Pursuant to the Registration Rights Agreement if, after the Merger, Alynx closes an initial public offering (as defined in the Registration Rights Agreement) or receives an infusion of cash of at least $10.0 million that is exempt from registration, the former holders of MiMedx Preferred Stock will be entitled to certain demand and piggy-back registration rights with respect to the Alynx Common Stock received in the Merger (or upon conversion of Alynx Series A Preferred Stock) nine months after the initial public offering or infusion of cash. The Registration Rights Agreement provides that, subject to certain limitations, the former holders of MiMedx Preferred Stock are entitled, upon the request of a majority of these holders, to require Alynx to use best efforts to register the Alynx Common Stock received by these holders under the Securities Act (the “Demand Registration Rights”). These holders also are entitled to require Alynx to use its best efforts to register their Alynx Common Stock on Form S-3 (the “S-3 Registration Rights”) (or upon conversion of Alynx Series A Preferred Stock) when and if available to Alynx.

In addition, these holders are entitled, subject to certain limitations, to require Alynx to use its best efforts to include their shares of Alynx Common Stock in future registration statements filed by Alynx under the Securities Act (the “Piggy-back Registration Rights”). Any such Piggy-back Registration Rights will be subject to underwriter approval and a reduction of shares offered if the underwriter determines that such registration of stock would not be advisable.

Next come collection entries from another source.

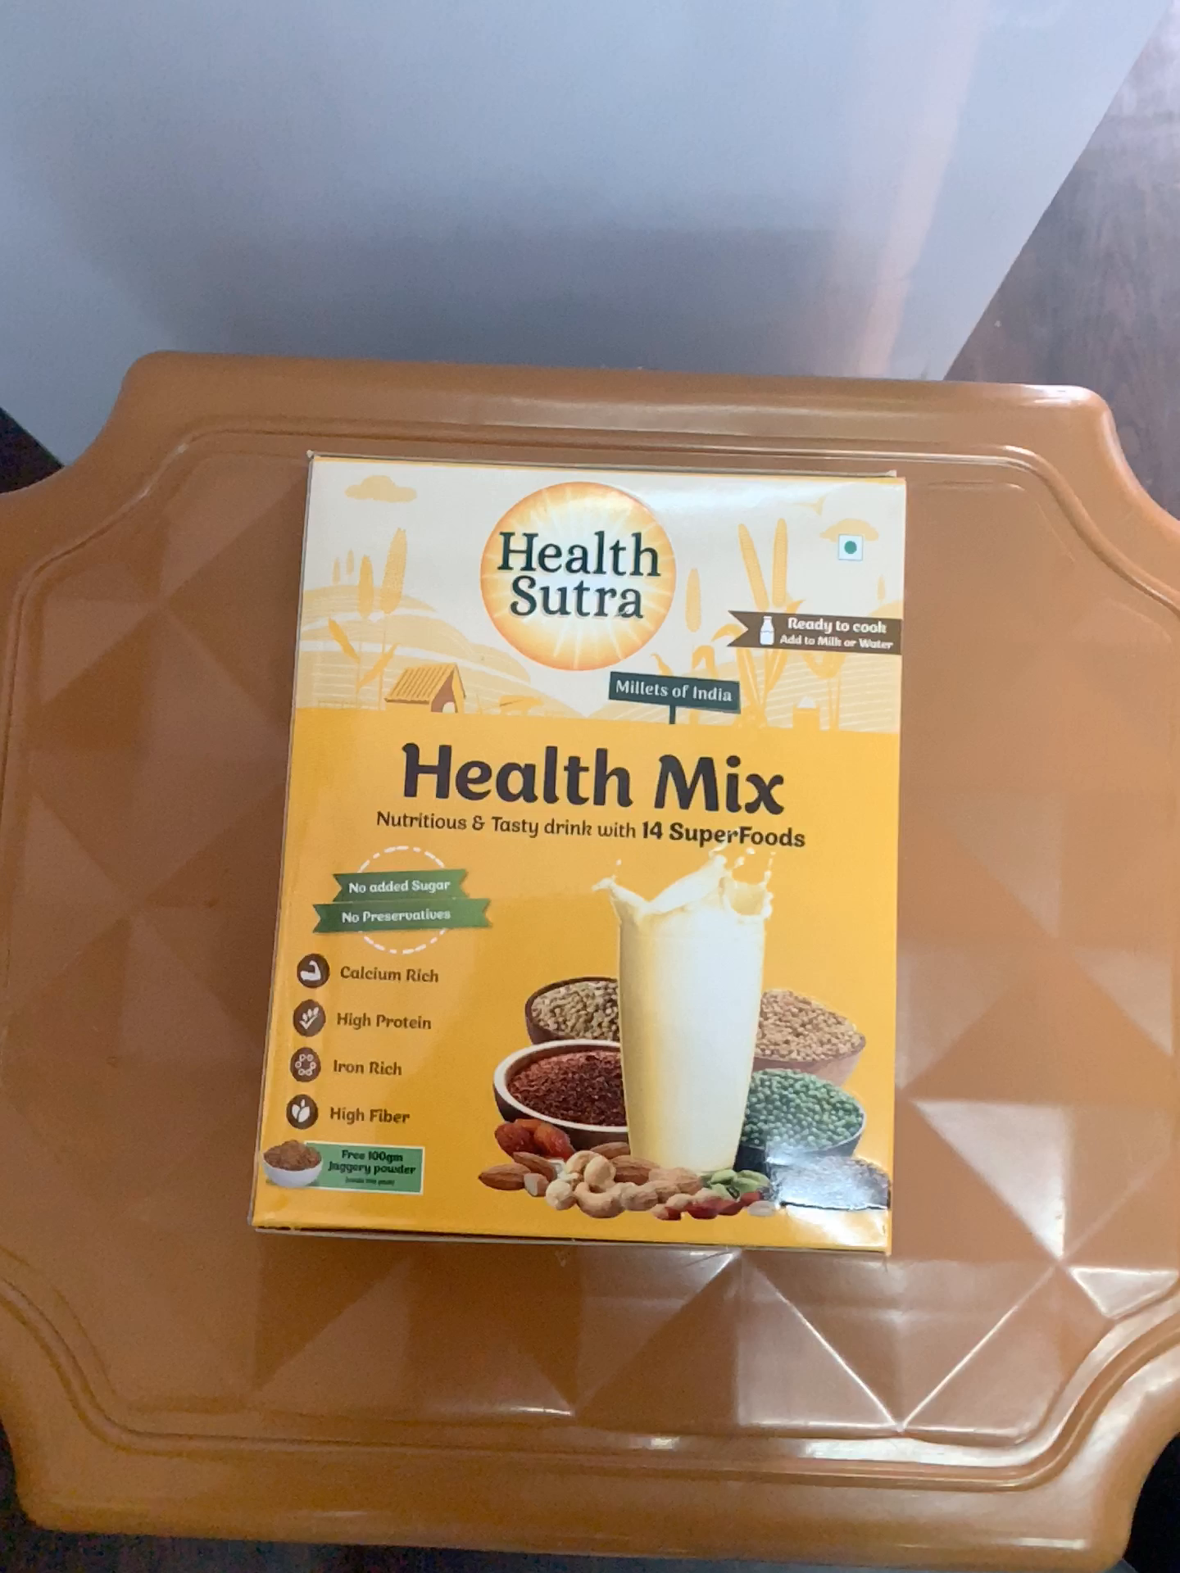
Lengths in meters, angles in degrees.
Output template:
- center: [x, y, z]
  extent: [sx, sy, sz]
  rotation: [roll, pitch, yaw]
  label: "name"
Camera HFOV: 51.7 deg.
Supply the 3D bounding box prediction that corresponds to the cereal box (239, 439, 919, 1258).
- center: [0.000, 0.012, 0.263]
  extent: [0.130, 0.040, 0.160]
  rotation: [2, 82, -1]
  label: "cereal box"

Alynx is not required to affect more than two registrations under the Demand Registration Rights. Registration of shares pursuant to the exercise of Demand Registration Rights, S-3 Registration Rights or Piggy-back Registration Rights under the Securities Act would result in such shares becoming freely sellable without restriction under the Securities Act immediately upon and during the effectiveness of such registration statement.

The Demand Registration Rights, Piggy-back Registration Rights and S-3 Registration Rights may not be exercised at any time that the holders of the Alynx Common Stock seeking registration are permitted to dispose of their shares pursuant to Rule 144 under the Securities Act.

The Registration Rights Agreement provides that each holder, if requested by Alynx and an underwriter or placement agent, will agree not to sell, directly or indirectly, the Alynx Common Stock held by such holder, whether acquired upon the conversion of Alynx Series A Preferred Stock or otherwise, during the 180 day period commencing with the registration of Alynx’s equity securities under Section 12 of the Exchange Act, and also commencing on the effective date in the case of a registration statement filed pursuant to the Securities Act if requested by Alynx and an underwriter, and provided that certain other holders of Alynx capital stock enter into such an agreement.

Approximately 56.9 million shares of Alynx Common Stock issuable upon conversion of the Alynx Series A Preferred Stock, held by approximately 183 shareholders will be covered by the Registration Rights Agreement.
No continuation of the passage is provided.